InDefinition - GUEST ENTRY

sarcastigate, v.tr. subject (s'one) to the withering fire of your teenage put-downs.

- Eoin Colfer, And Another Thing...

Yoink!?

I’ve always been a massive fan of rhyme but there’s very few people that can pull it off eloquently.
- Jacob Denno, editor of Popshot (a literary magazine)

Wednesday 6 October 2010

Revenge of the webnerd

"YOU, a published writer?..Internet don't count. Any asshole can throw shit up on there." (Book On Sale Today!)
- Justin Halpern, Shit My Dad Says

Trilling to a new tune

If there are bloody crossroads out there needing the attention of the critical intellect, the novel does not seem to run through them.
- Louis Menand, Introduction to The Liberal Imagination

Tuesday 5 October 2010

InDefinition - 17

nonvel, n. sustained work of prose fiction in which absolutely nothing new or interesting happens

How my brain 'works'

I'm reading Shit My Dad Says, and Halpern comments that he's writing a book involving involving a scene in which Michael Jackson has just died and is trying to get into heaven.

'This book must have been written very recently. And very fast!'

I not only think this, mind, but say it to my companion.

--
I must not assume all good fiction is true.
I must not assume all good fiction is true.
I must not assume all good fiction is true.
I must not ...

Monday 4 October 2010

InDefinition - 16

Kafkan, n. coat of pointedly nondescript nature, worn by those wishing to disappear in the crowd. Fashionable in the mid-/late-C.20th (esp. Central and Eastern Europe)

Query

Why is 'barn-burner' a synonym for a good thing? Sounds like a Klan Christmas party.

The (non-)writer's life

If you tell people you're a writer, it appears, they straightaway assume this means you enjoy spending your days actually putting words down on paper (as though, NB, if you did that, there'd be some sort of proportional financial trade-off).

Me, me, me - not you

Generally we refuse to be each other.
- Zadie Smith, Changing My Mind: occasional essays

And quite right too.

Books sought (and bold)

There was, in Vijitha Yapa, until very recently (for years, in fact, to judge by its dusty condition), a paperback copy of William James' socio-anthropological doorstop, Varities of Religious Experience.

No offence or anything; but who the hell bought it?!

Non/Fiction

Fiction's about what it is to be a fucking human being.
- David Foster Wallace

Emphases at reader's discretion.

Friday 1 October 2010

Is there

anything more asinine than saying to a Literature teacher 'You like to read a lot, don't you?'

Dennis v. Walter

'Soft drinks.' How loaded is that term?* Not manly drinks, not proper drinks - but 'soft' Instant social death. Worse that vegetarianism.

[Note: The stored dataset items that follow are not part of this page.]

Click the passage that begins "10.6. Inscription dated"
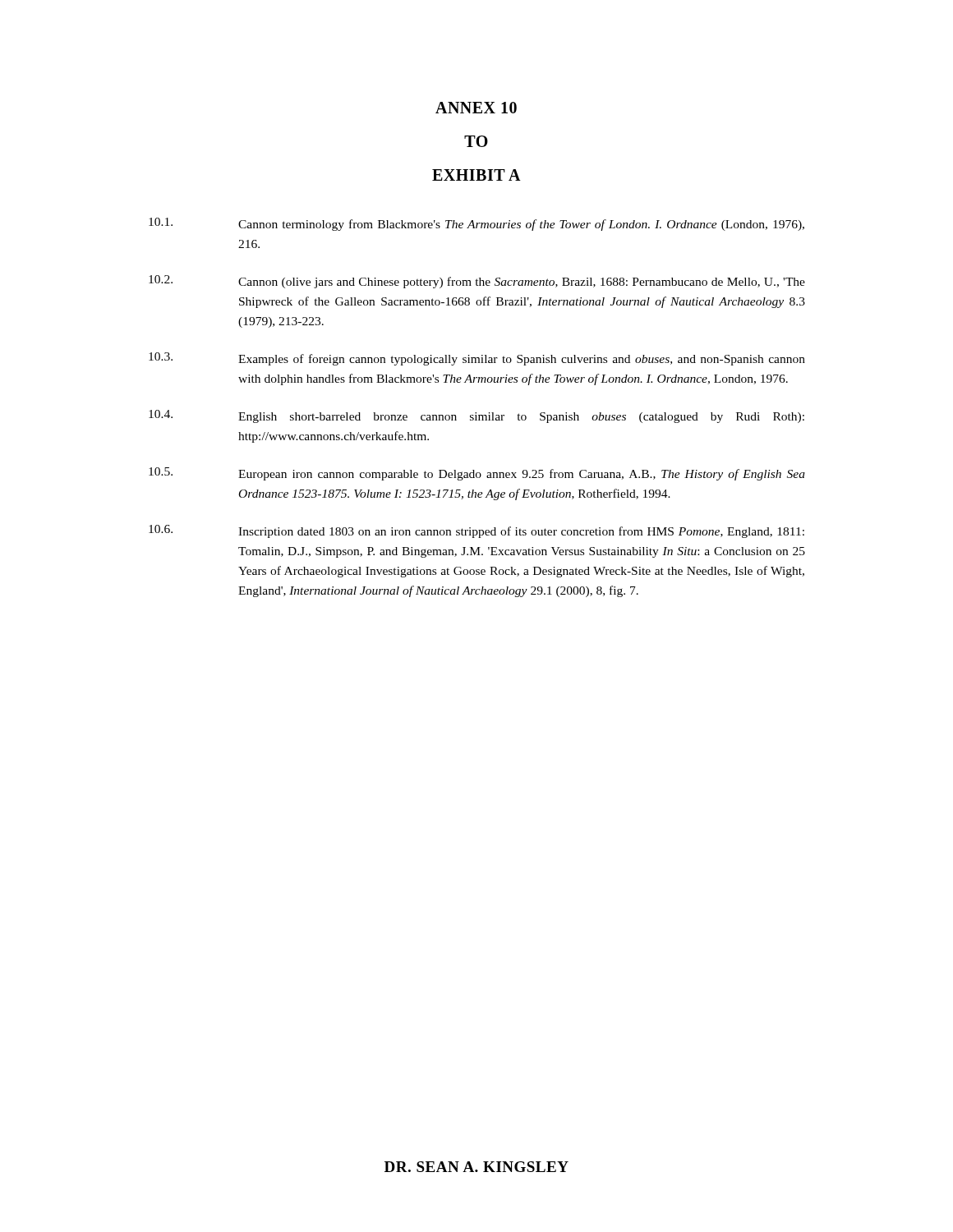This screenshot has height=1232, width=953. point(476,561)
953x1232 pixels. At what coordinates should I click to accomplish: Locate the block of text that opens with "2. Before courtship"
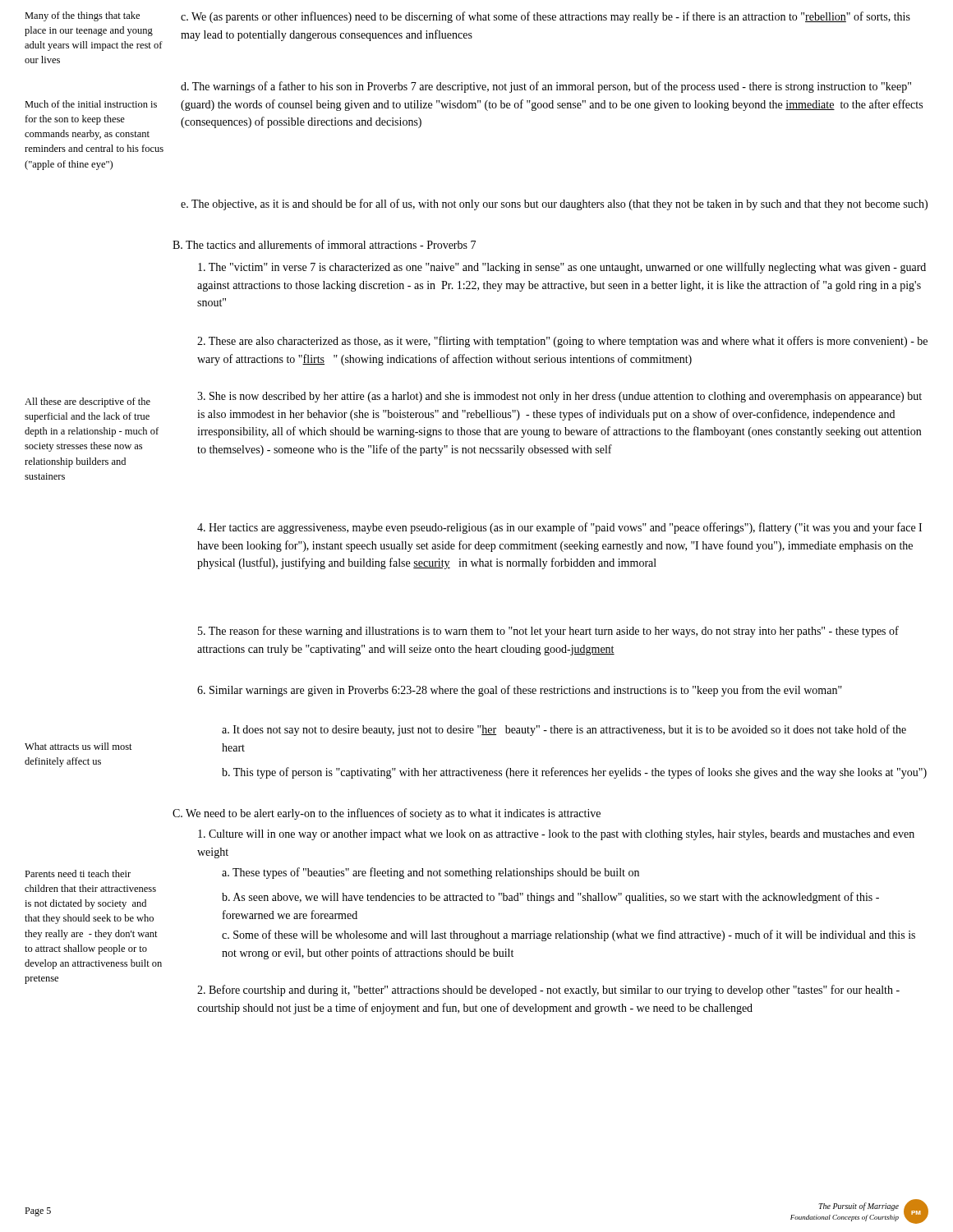click(x=548, y=999)
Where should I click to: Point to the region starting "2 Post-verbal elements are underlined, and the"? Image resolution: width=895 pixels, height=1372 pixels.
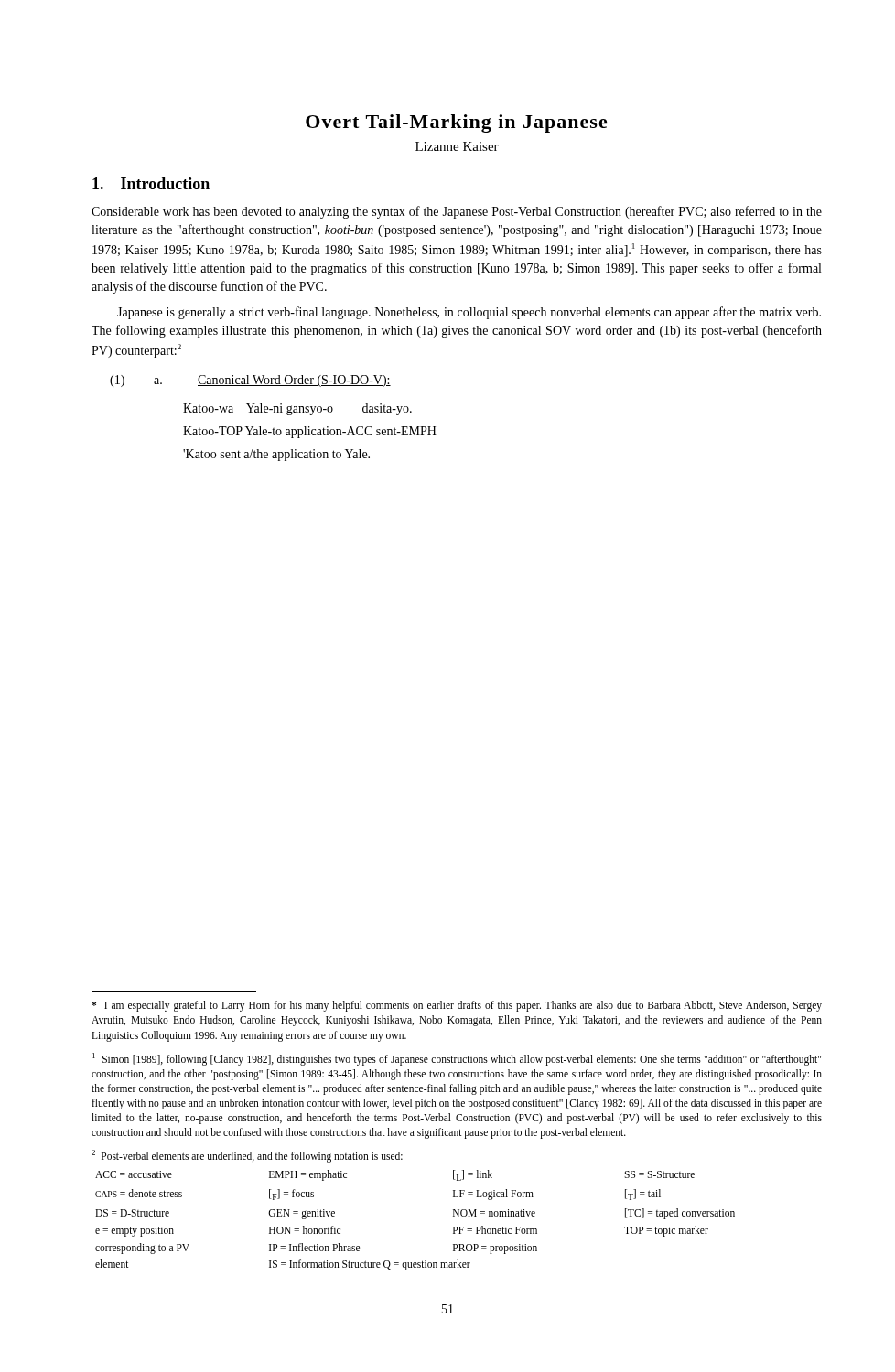[x=457, y=1211]
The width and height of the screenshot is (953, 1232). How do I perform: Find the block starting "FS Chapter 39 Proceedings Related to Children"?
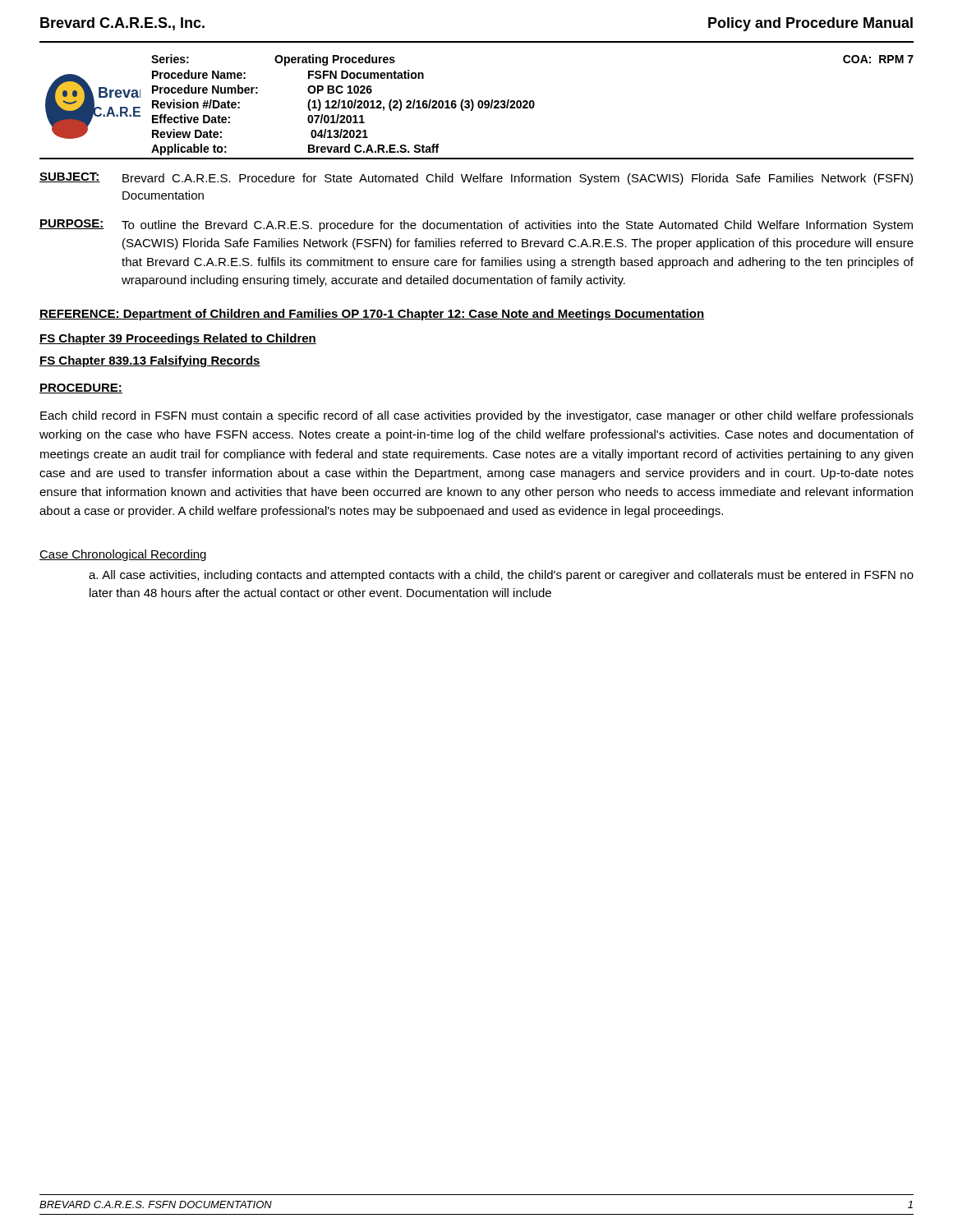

* albeit the product is one on which you cannot get loaded...

Real living

It is unimaginably hard to... stay conscious and alive in the adult world day in and day out.
- David Foster Wallace, commencement speech, Kenyon College, 2005

The perils of self-awareness

What have we become when we 'understand' ourselves so well that all our questions are rhetorical?
- Zadie Smith, Changing My Mind: occasional essays

What indeed.

[NB It is not clear to me whether the above is a rhetorical question. (Or the one above that.)]

Tuesday 28 September 2010

Only in English - 5

Though I like fish, I do not like fish.

Sunday 26 September 2010

On concision

"Absolutely." I nodded.

"You hear that? He said 'Absolutely.' That's four syllables of yes."

"Four syllables of his life which he will never get back. Next time, Shakespeare scholar, simply say yes and save three for 'I love you' to your young lady."
- Jon Fasman, The Geographer's Library

It's just an expression

I am concerned that I often express gratitude, but rarely show it.

Saturday 25 September 2010

Patron-ising

In The Geographer's Library Jon Fasman writes of one Dulcinius [sic. - of Tyre?], 'patron saint of the wayward, laconic, men who walk looking at the ground, and editors of manuscripts'.

It is not at all clear if those first three are distinct categories; nor if Dulcinius - alas! - ever actually existed.

On alchemy/education

Thou wilt possess the glory of the brightness of the entire world, and all obscurity will fly far away from thee.
- The Emerald Tablet, transl. Holmyard [in Jon Fasman, The Geographer's Library]

Hyperbolic to the point of insanity. But a worthy aspiration, nonetheless.

Titles gone begging - 2

Slanders & Flan: an incomplete history of the comic song

Friday 24 September 2010

Blog-jammin'

[No kidding: this is what came up when I tried to log in to this site at work]

Access Denied This Page is Blocked
Porn Filter Test in progress. All the porn sites & out side proxies will not in this testing period. Please contact CS department if you having any difficulties to brows any other sites.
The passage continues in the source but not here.